Discussing the larger state of the health care law, Schiliro said that White House felt buoyed by "the trajectory we are on," noting that the number of enrollees in federal exchanges had spiked to nearly one million in December after poor showings in October and November. While tracking polls show more people have had a negative experience with the law than a positive one, the numbers are moving in the administration's favor.

Schiliro declined to discuss the composition of the enrollees -- which will go a long way towards determining the stability of the exchanges, as they rely on the participation of younger, generally healthy consumers to keep costs down -- but said that he hopes the data will be available "within the next couple of weeks."

He also said it was "ludicrous" to think that more Americans ended up losing health care coverage than receiving it because of policy cancellations, calling the number of people whose existing plans were canceled "a number without meaning."

"Those are people who received notices," he said. "That is like saying that if you received a notice from the DMV that you had to renew your license, that meant your license wasn't renewed. All it is, is telling you that something is happening and you have to act on it."

Schiliro defended the administration's series of executive changes to the law, arguing that they were "common sense" reforms that helped with a naturally rocky transition. The White House has delayed the employer mandate and cuts to Medicare, in addition to allowing insurers to grandfather in more consumers and allowing consumers to re-up catastrophic insurance plans that were cancell=ed. All of this was done without congressional approval, prompting howls from Republicans and some agitation from Democrats.

"It is always an option," Schiliro said, when asked why the White House didn't ask for lawmakers to legislate these reforms. "I don’t think there is an exemplary record right now of getting changes past on any issue in Congress this past year. There are obviously differences up there. A lot of them are legitimate differences in philosophy.

"But the president has said this throughout," he said. "He is willing to work with anybody to make the law better. A lot of what we have done ... was people really acting in a common sense way."
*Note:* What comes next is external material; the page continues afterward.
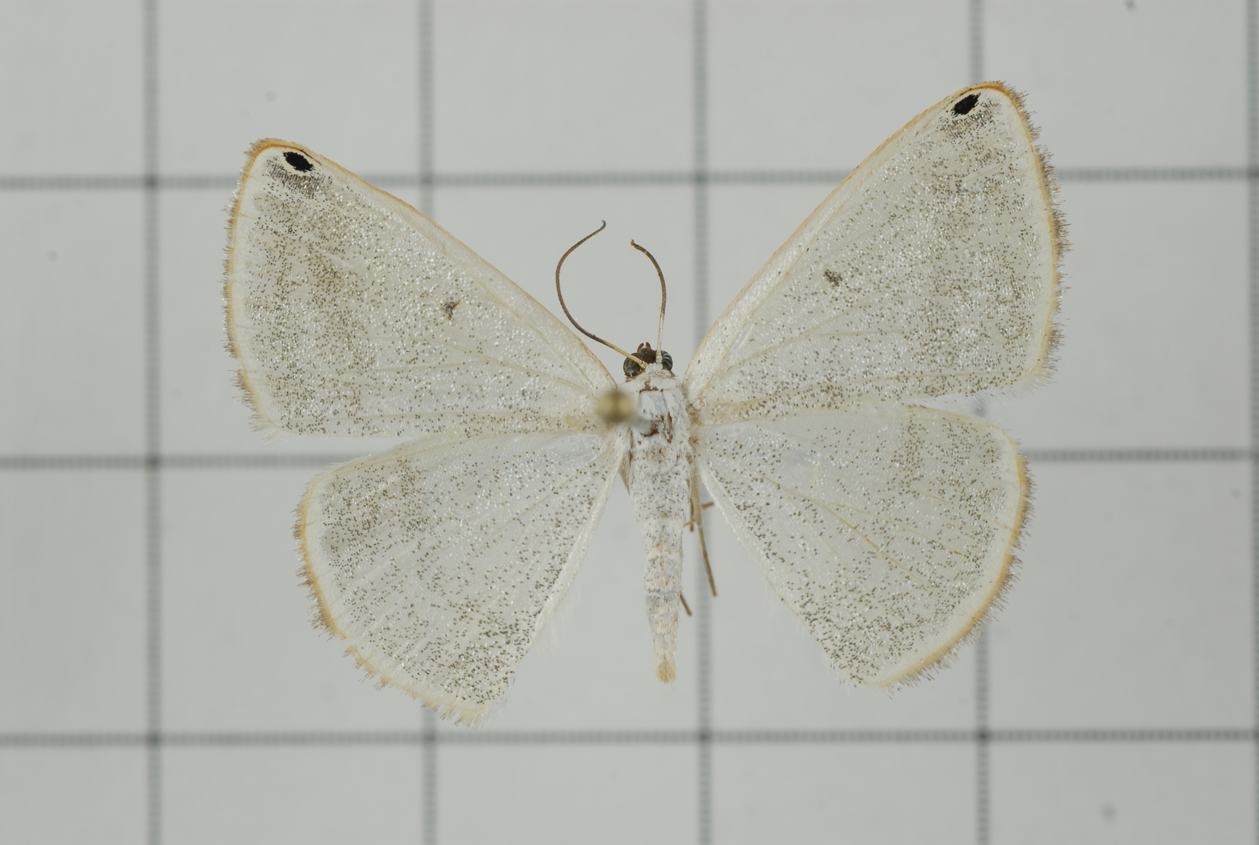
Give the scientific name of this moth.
Lomographa percnosticta
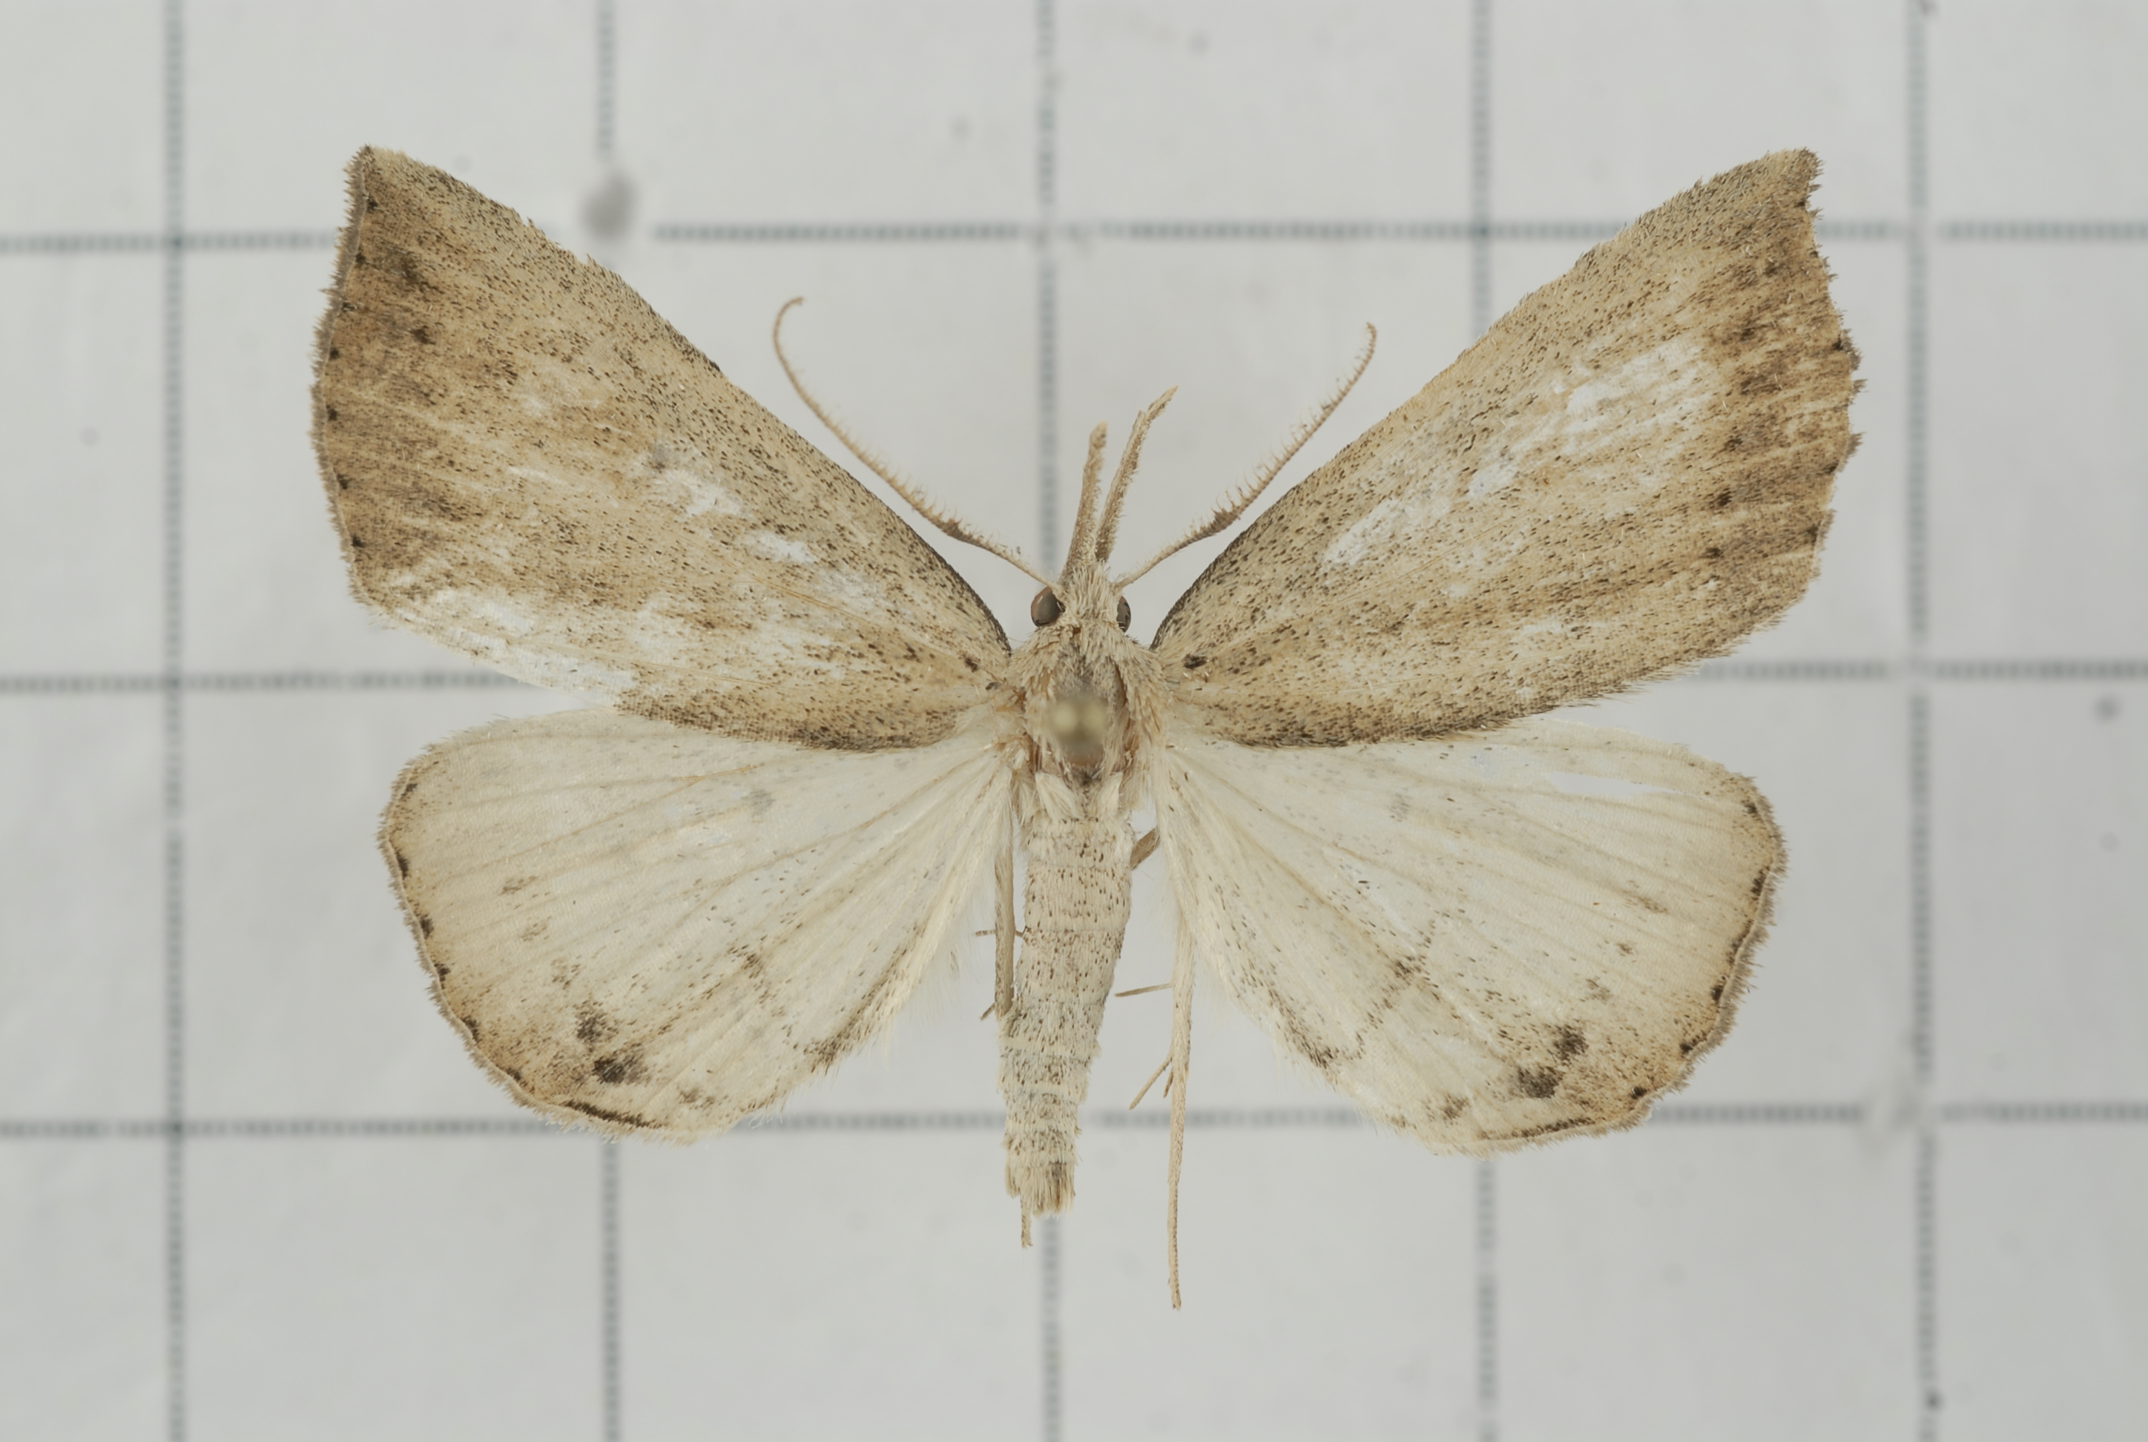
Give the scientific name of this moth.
Treitschkendia insipidalis
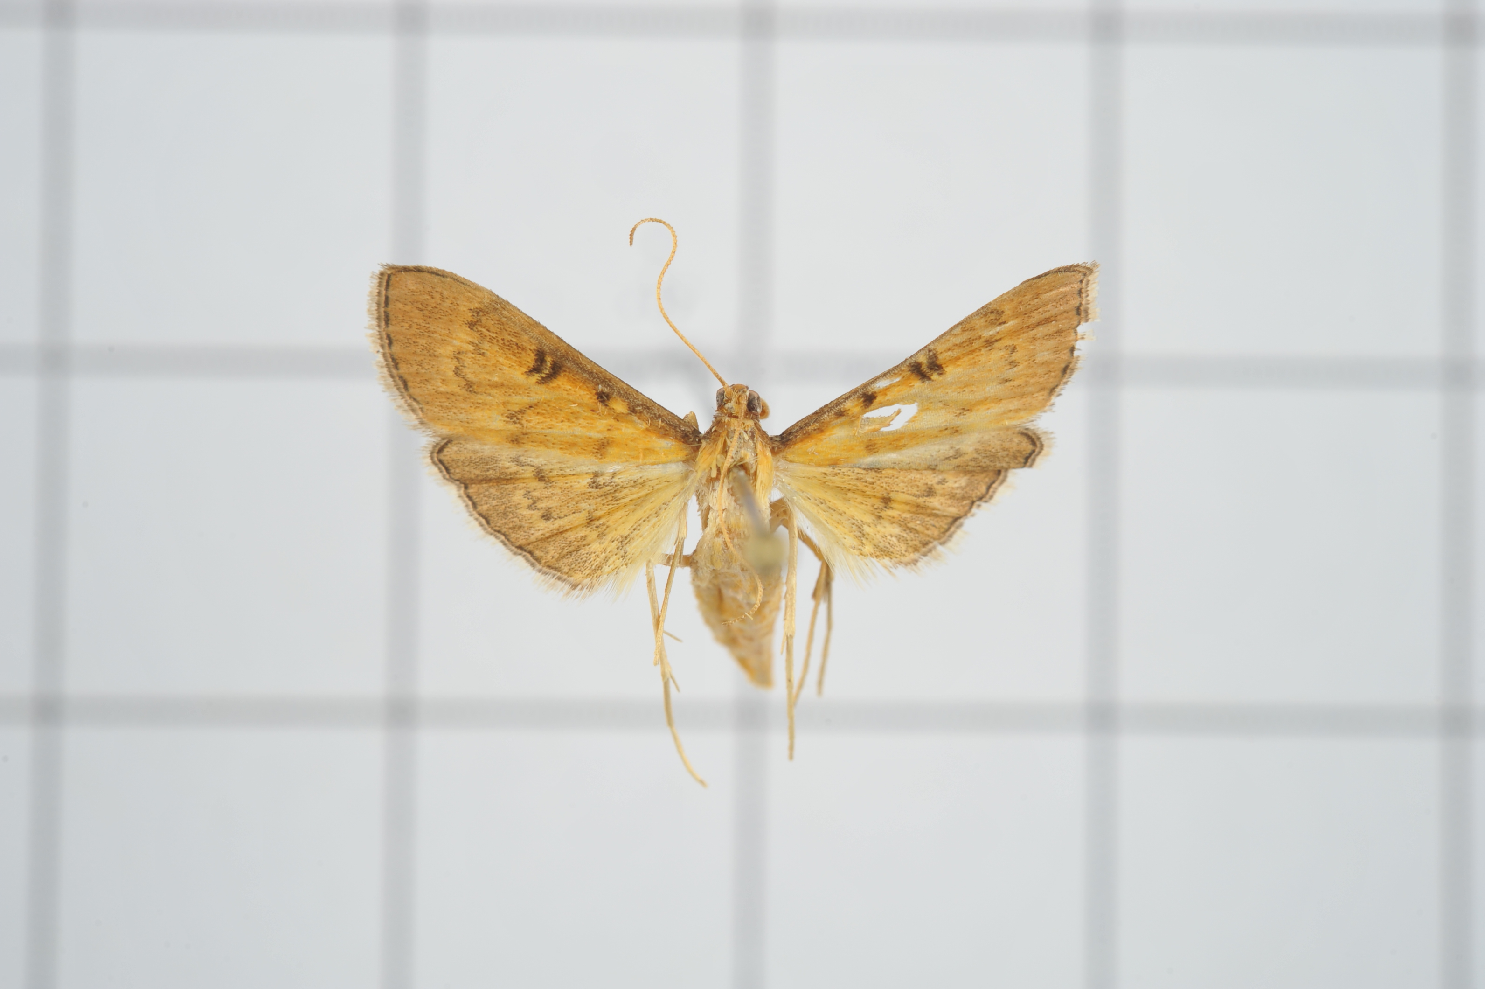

As an example of what he called "overwrought criticism" of executive action, Schiliro highlighted the looser standards imposed on catastrophic plans. The only change the administration made, he said, was to simply grant a hardship exemption to a small group of individuals who want health care and are eager to find a better plan, but would benefit from a fallback option if the alternatives are too costly.

"I don’t even know if [a reform like that] would pass or not," he said. "But it wasn't going to happen in December. That’s why I say most of this is just common sense adaptation to what circumstances are."

Going forward, Schiliro said that the White House would be ramping up its outreach campaign for the Affordable Care Act. He declined to discuss whether the administration was now more focused on individuals who had never purchased insurance versus those who were picking new plans. Nor did he preview any particularly new wrinkle in advertising strategy.

Outreach will be more robust, he said, in part because when there were problems with the federal website in October and November, the White House could not do a PR blitz.

"We had a really bad beginning, we had a really good December," he said. "December doesn't mean we will have a really good January, February or March. So that's why nobody here is complacent."

Disclosure: This reporter's wife works for the administration on matters of congressional oversight, including on the topic of health care reform.